For both the pre-treatment and end-of-treatment scans, the following five features were calculated: (1) number of lesions, defined as the number of lesions that were delineated (2) total lesion volume, in mm3 (3) mean lesion volume, defined as total lesion volume divided by the number of lesions (4) total largest diameter, defined as the largest diameter spanning all lesions (5) sum of the largest diameters, defined as the sum of the largest diameters of individual lesions. In the data pre-processing step, a variable was created for the relative difference in each of the five MRI tumor load features, by dividing the end-of-treatment feature value by the pre-treatment feature value (hereafter: change in MRI tumor load). Lesions were segmented as follows: In cohort A, semi-automated delineation of the breast lesions was performed according to previously reported method based on histopathology-validated region growing [19]. In short, seed points were placed by an experienced biomedical engineer (MHAJ) in the lesions based on clinical reporting and verified by a radiologist.
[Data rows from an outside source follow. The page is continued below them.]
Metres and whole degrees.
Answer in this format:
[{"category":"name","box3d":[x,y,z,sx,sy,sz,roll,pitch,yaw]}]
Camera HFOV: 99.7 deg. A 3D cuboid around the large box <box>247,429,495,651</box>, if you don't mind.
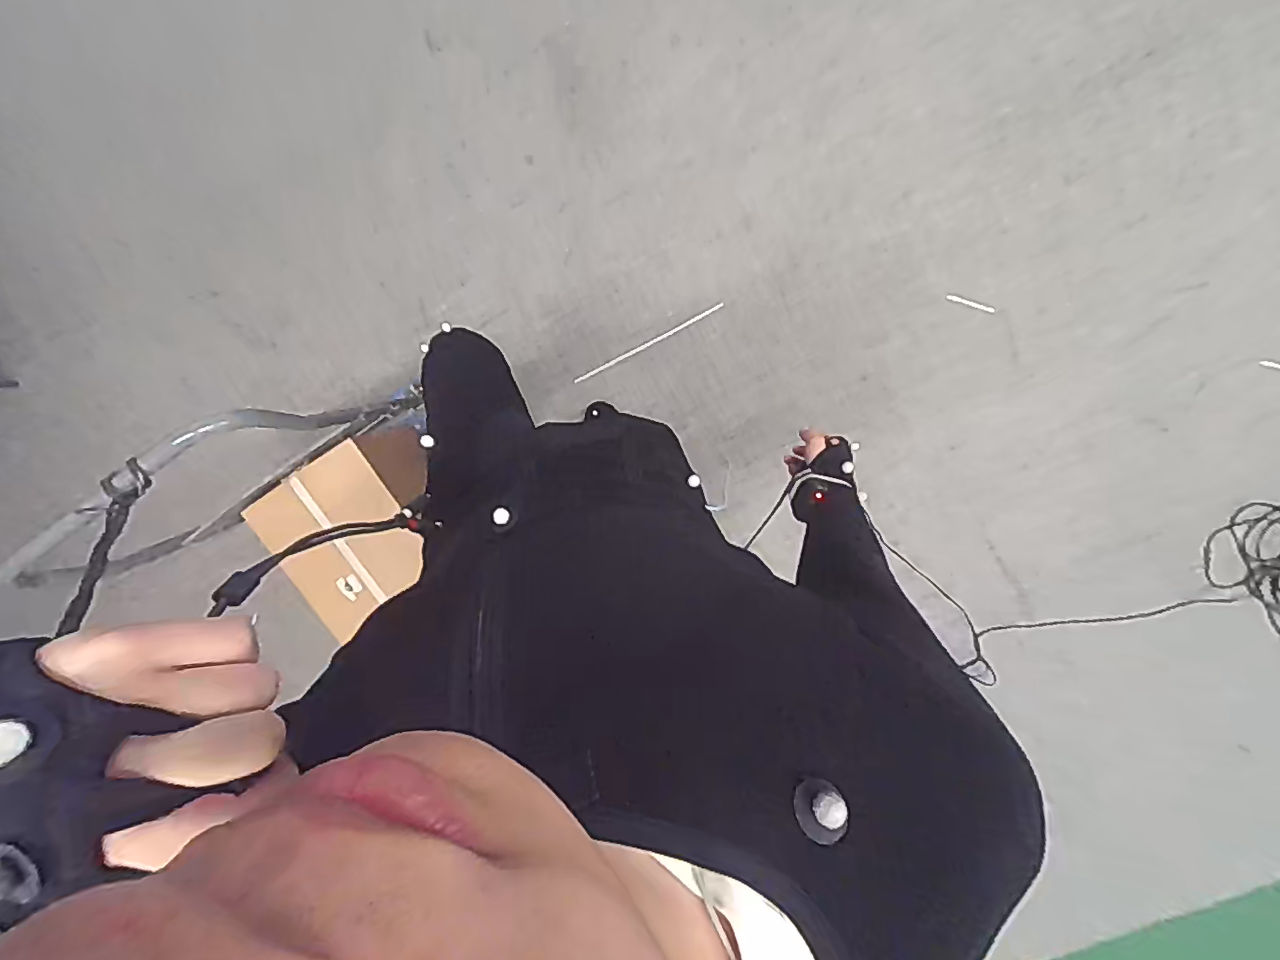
[{"category":"large box","box3d":[-0.629,0.127,1.343,0.320,0.320,0.408,-32,98,6]}]
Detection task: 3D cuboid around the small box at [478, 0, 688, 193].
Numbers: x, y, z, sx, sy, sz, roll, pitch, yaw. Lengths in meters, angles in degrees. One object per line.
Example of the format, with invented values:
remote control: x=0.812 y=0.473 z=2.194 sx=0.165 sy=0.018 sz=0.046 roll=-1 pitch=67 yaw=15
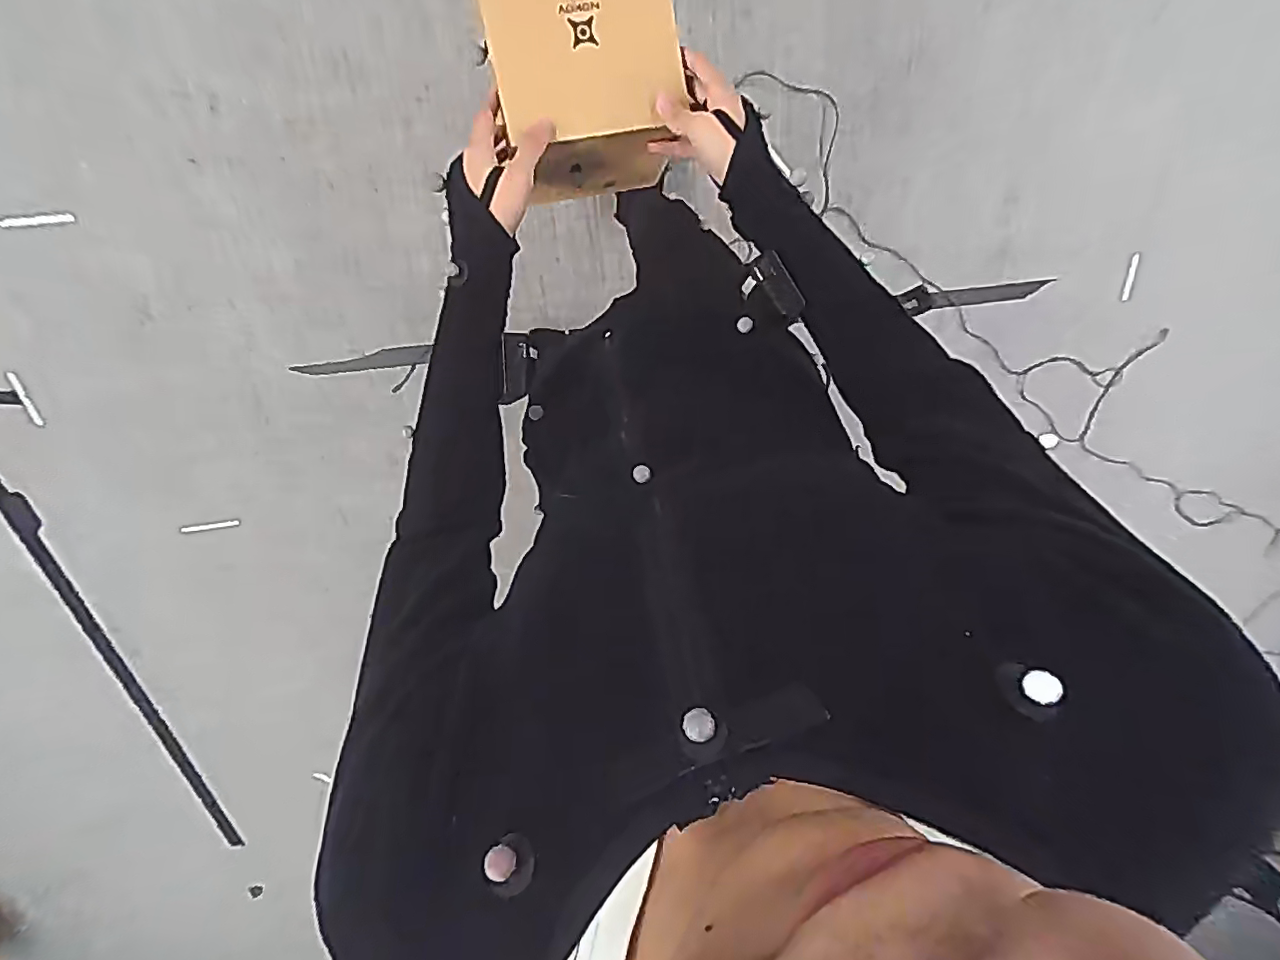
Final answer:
small box: x=-0.061 y=-0.406 z=0.536 sx=0.168 sy=0.176 sz=0.179 roll=-13 pitch=101 yaw=-7
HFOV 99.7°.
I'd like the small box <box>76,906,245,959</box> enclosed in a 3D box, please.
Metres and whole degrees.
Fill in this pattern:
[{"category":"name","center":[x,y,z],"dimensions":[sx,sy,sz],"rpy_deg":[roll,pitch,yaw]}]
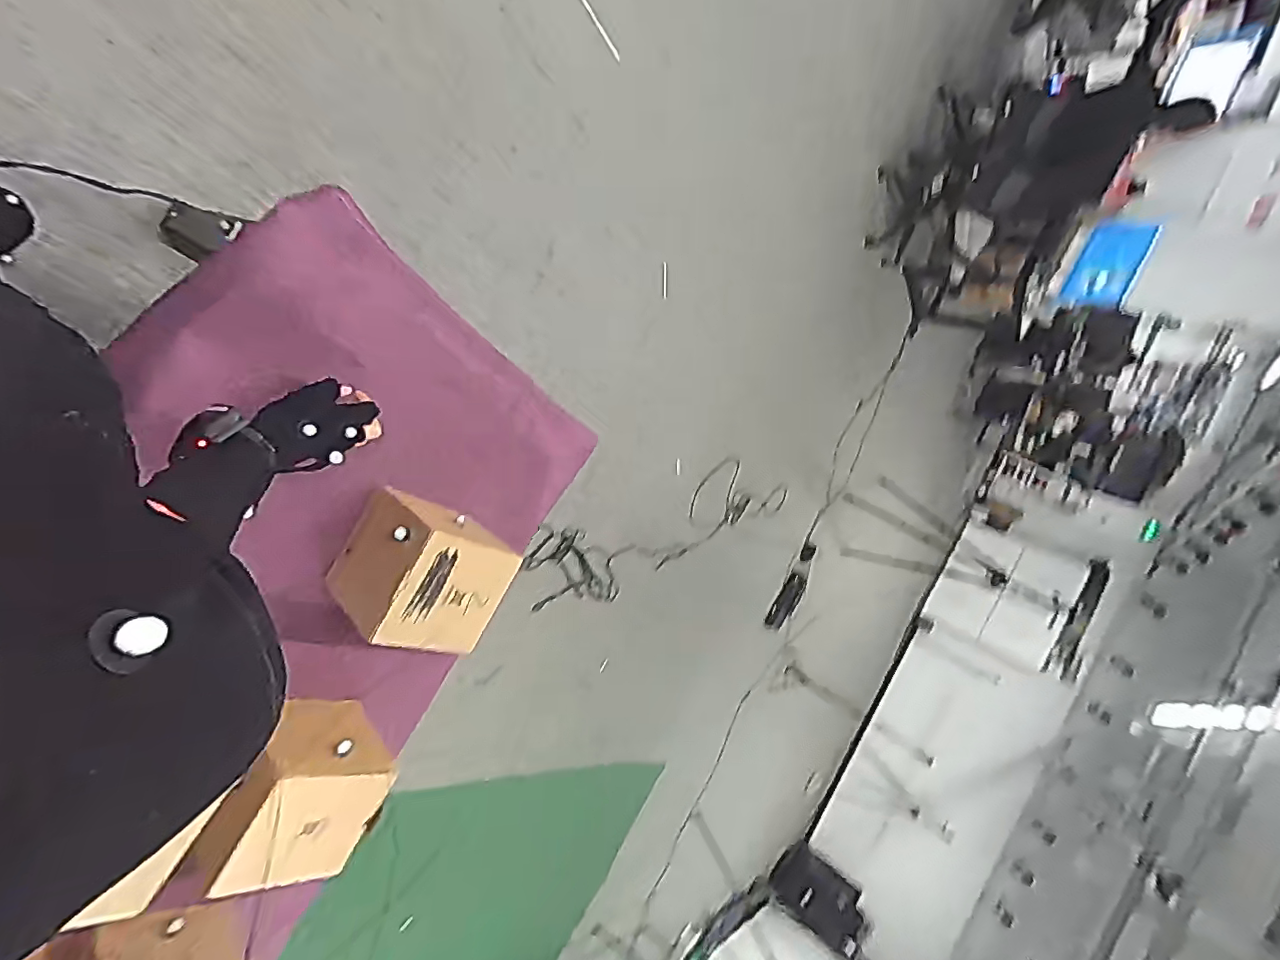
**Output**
[{"category":"small box","center":[-0.677,0.724,0.728],"dimensions":[0.168,0.176,0.179],"rpy_deg":[-56,141,-10]}]

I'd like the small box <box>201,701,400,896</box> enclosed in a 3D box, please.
[{"category":"small box","center":[-0.496,0.439,0.779],"dimensions":[0.168,0.176,0.179],"rpy_deg":[-60,143,-5]}]
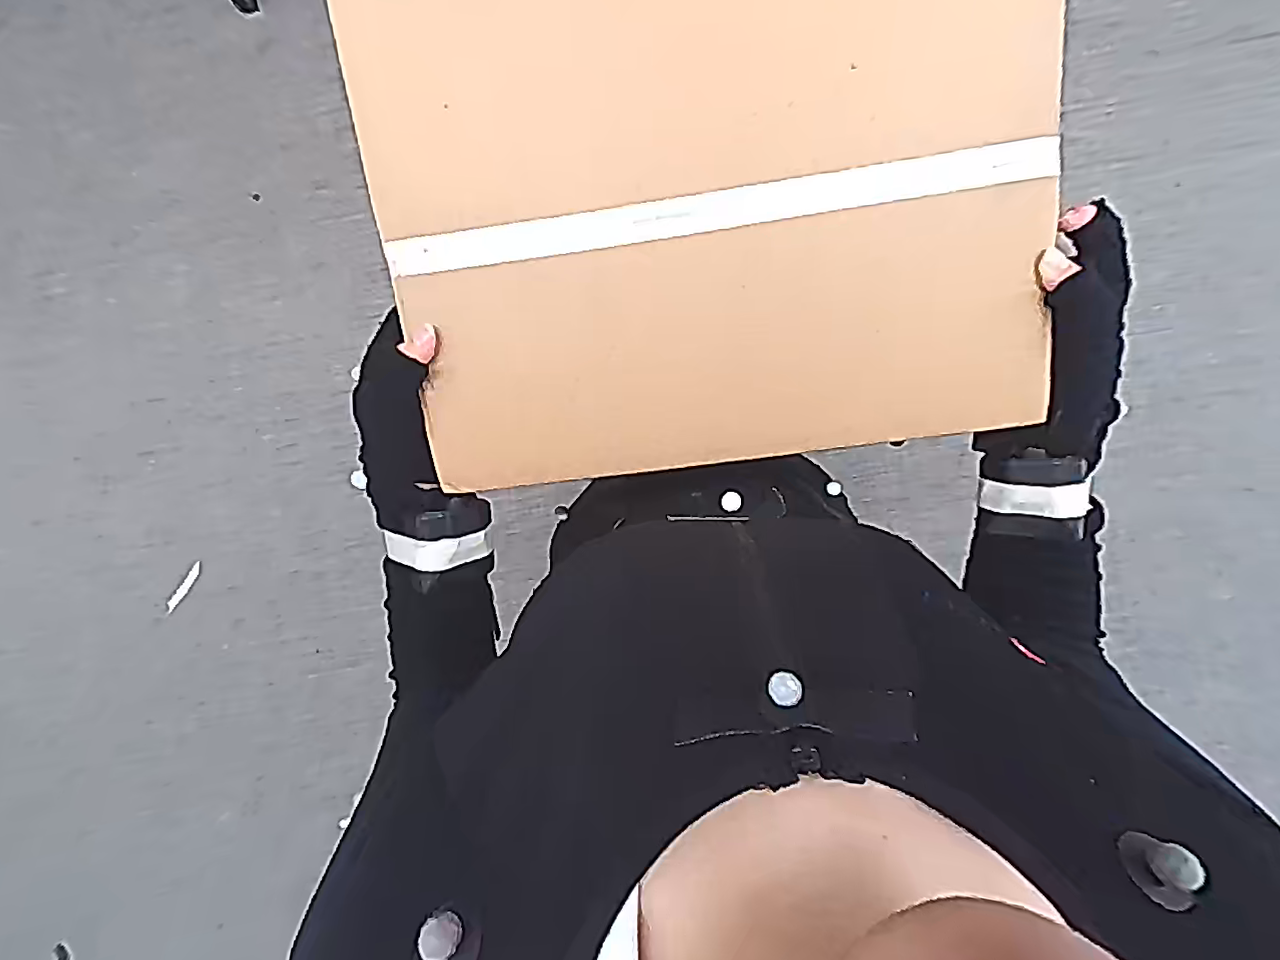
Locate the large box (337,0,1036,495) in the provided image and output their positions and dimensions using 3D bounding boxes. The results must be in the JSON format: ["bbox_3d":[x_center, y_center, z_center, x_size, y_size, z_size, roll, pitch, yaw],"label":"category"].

From this seed point, automated constrained volume growing took place based on contrast uptake. Small manual corrections were made to remove erroneous segmentations of vessels. In cohort B, a previously validated deep learning-based approach was employed based on the nnU-Net framework [20]. Only segmentations in the breast with the biopsy proven tumor were taken into account.

The DCE-MRI protocol consisted of five post-contrast series, taken at a 60 to 90 s interval in cohort A and a minimum of three post-contrast acquisitions in cohort B. If less than five post-contrast series were available, the last available post-contrast series was used as substitute for the missing series. Only the T1-weighted dynamic contrast series were analyzed in this study. In cohort A, imaging was performed using either 1.5 T or 3 T MRI scanners from a single vendor (Philips), while in cohort B, imaging was exclusively performed on 3 T scanners from multiple vendors. Fat-suppression was applied to all scans.

Statistical analysis

The MRI variables and %TILs values were transformed into variables with normal-shaped distributions using a Box-Cox procedure. To be able to use cases with incomplete data in the model development and evaluation, we imputed missing values. For cohort A and B, if the end-of-treatment tumor load features were missing and they were available at an earlier point (from a scan during treatment), the earlier time-point feature values were used for imputation by last observation carried forward. If the features were only available at one timepoint, the sample mean was used for the change in tumor load features. The %TILs and RCB were imputed with the sample mean.

Different prediction models were developed to explore the possible additional value of predictors: a model with only %TILs, a model with only change in MRI tumor load, and a third model combining change in MRI tumor load and %TILs. The individual %TILs and change in MRI tumor load models were developed and evaluated in the whole patient population, and then evaluated in the ER+/HER2− and triple negative (TN)/HER2+ subgroups separately. Each model was a (main effects) linear regression model with RCB as the dependent variable, fit using L1-penalised maximum likelihood estimation (LASSO) with the penalty parameter set at the value that yielded the lowest mean squared error in an inner-loop tenfold cross validation scheme. To estimate the expected out-of-sample performance of the various models in terms of discrimination, we used an additional outer-loop cross validation (CV) with fivefolds and 10 repeats. Discrimination for pCR (RCB 0) vs. residual disease (RCB > 0) was evaluated using receiver operating characteristic (ROC) curves and, in particular, the area under the ROC curve (AUC). 95% confidence intervals (CI) were estimated by bootstrapping the original data and performing repeated cross-validation in each bootstrap sample.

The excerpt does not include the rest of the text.